Cret Social Francs (Attorneys Yang Young-ok et al., Counsel for the defendant-appellant)

Judgment of the lower court

Seoul High Court Decision 2004Na10697 delivered on November 24, 2004

Text

The judgment below is reversed and the case is remanded to Seoul High Court.

Reasons

The grounds of appeal are examined.

1. Fact-finding and judgment of the court below

A. The court below acknowledged the following facts in full view of the admitted evidence.

(1) The Defendant, a company established in France in 1917, is a financial company that has more than 660 branches in France and operates individual and corporate financial business. At present, the Defendant applied for and registered multiple trademarks or service marks related to “CCF” in each of the world countries including France. On August 31, 1989, the Defendant applied for and registered the service marks composed of “CCF” as designated service business, etc.

(2) Upon the report on April 2, 200 on the Internet domain name "cfhsbcc.com" and "hsc.com" (hereinafter referred to as "each domain name of this case") to the International Internet Address Management Organization for the Internet Address (OBC Holdings Plc.), the non-party is a financial holding company that operates approximately 7,00 branches in 80 countries around the world including Korea. The non-party company decided to acquire the defendant company. The non-party company was reported on April 2, 200 to take over the defendant company. The non-party, the husband of this case, reported on April 2, 200 to the domestic daily newspaper, "CFhsbc.com" and "hsc.c.com.com" (hereinafter referred to as "the domain name of this case") to the plaintiff, the plaintiff's domestic domain name registration system of this case, the non-party 1, the plaintiff of this case, as the plaintiff, the plaintiff registered the Internet domain name of this case.

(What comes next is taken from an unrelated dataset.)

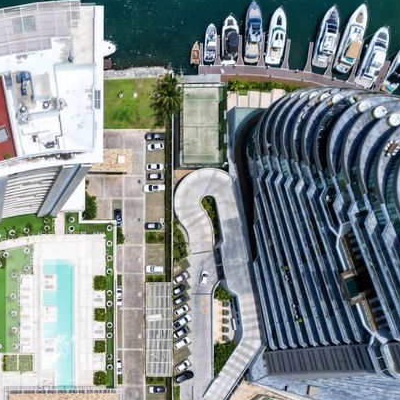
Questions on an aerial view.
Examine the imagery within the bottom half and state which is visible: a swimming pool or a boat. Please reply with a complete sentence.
There is a swimming pool within the bottom half.
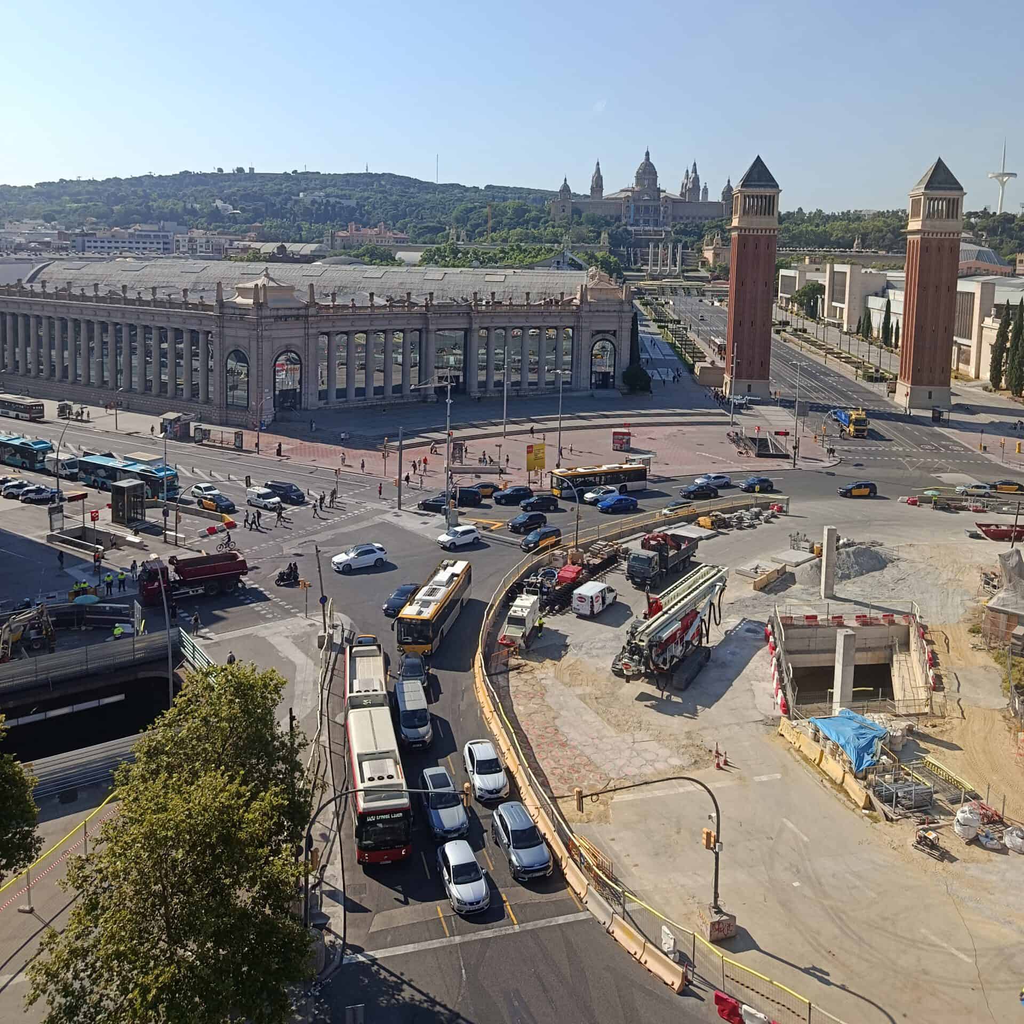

(3) In order to settle the dispute over the registration and use of the Internet domain name in a prompt and influence of the disputes, Academy's Uniform domain Name Dispute Resolution Policy (Uniform Dr. Name Dr. hereinafter "Dispute Resolution Policy") and these Rules and the Rules ("Dispute Resolution Policy"), which had the registrar adopt the Rules for Resolution of Disputes, and accordingly, the Han River system shall be deemed to have consented to the registration of the domain name under Article 1 of the Terms and Conditions for Registration of the domain name, and the translation of the Policy shall be published on the website of Han River system. The non-party and the plaintiff agreed to each of the above domain name registration terms and conditions prepared by the Han River System in the course of registering and transferring the domain name of this case.

(4) The main contents of the dispute resolution policy relating to the instant case are as follows:

(A) Article 3 of the Dispute Resolution Policy (Revocation, Transfer, and Change of Registration)

The registrar shall cancel, transfer, or change the registration of a domain name if it is ordered by a court or an arbitral agency having legitimate jurisdiction over the case (b) or if it is decided to cancel, transfer, or change the registration of the domain name in the compulsory administrative procedure (Mandory Administ) to which the registrant becomes a party, under which the registrar has become a party.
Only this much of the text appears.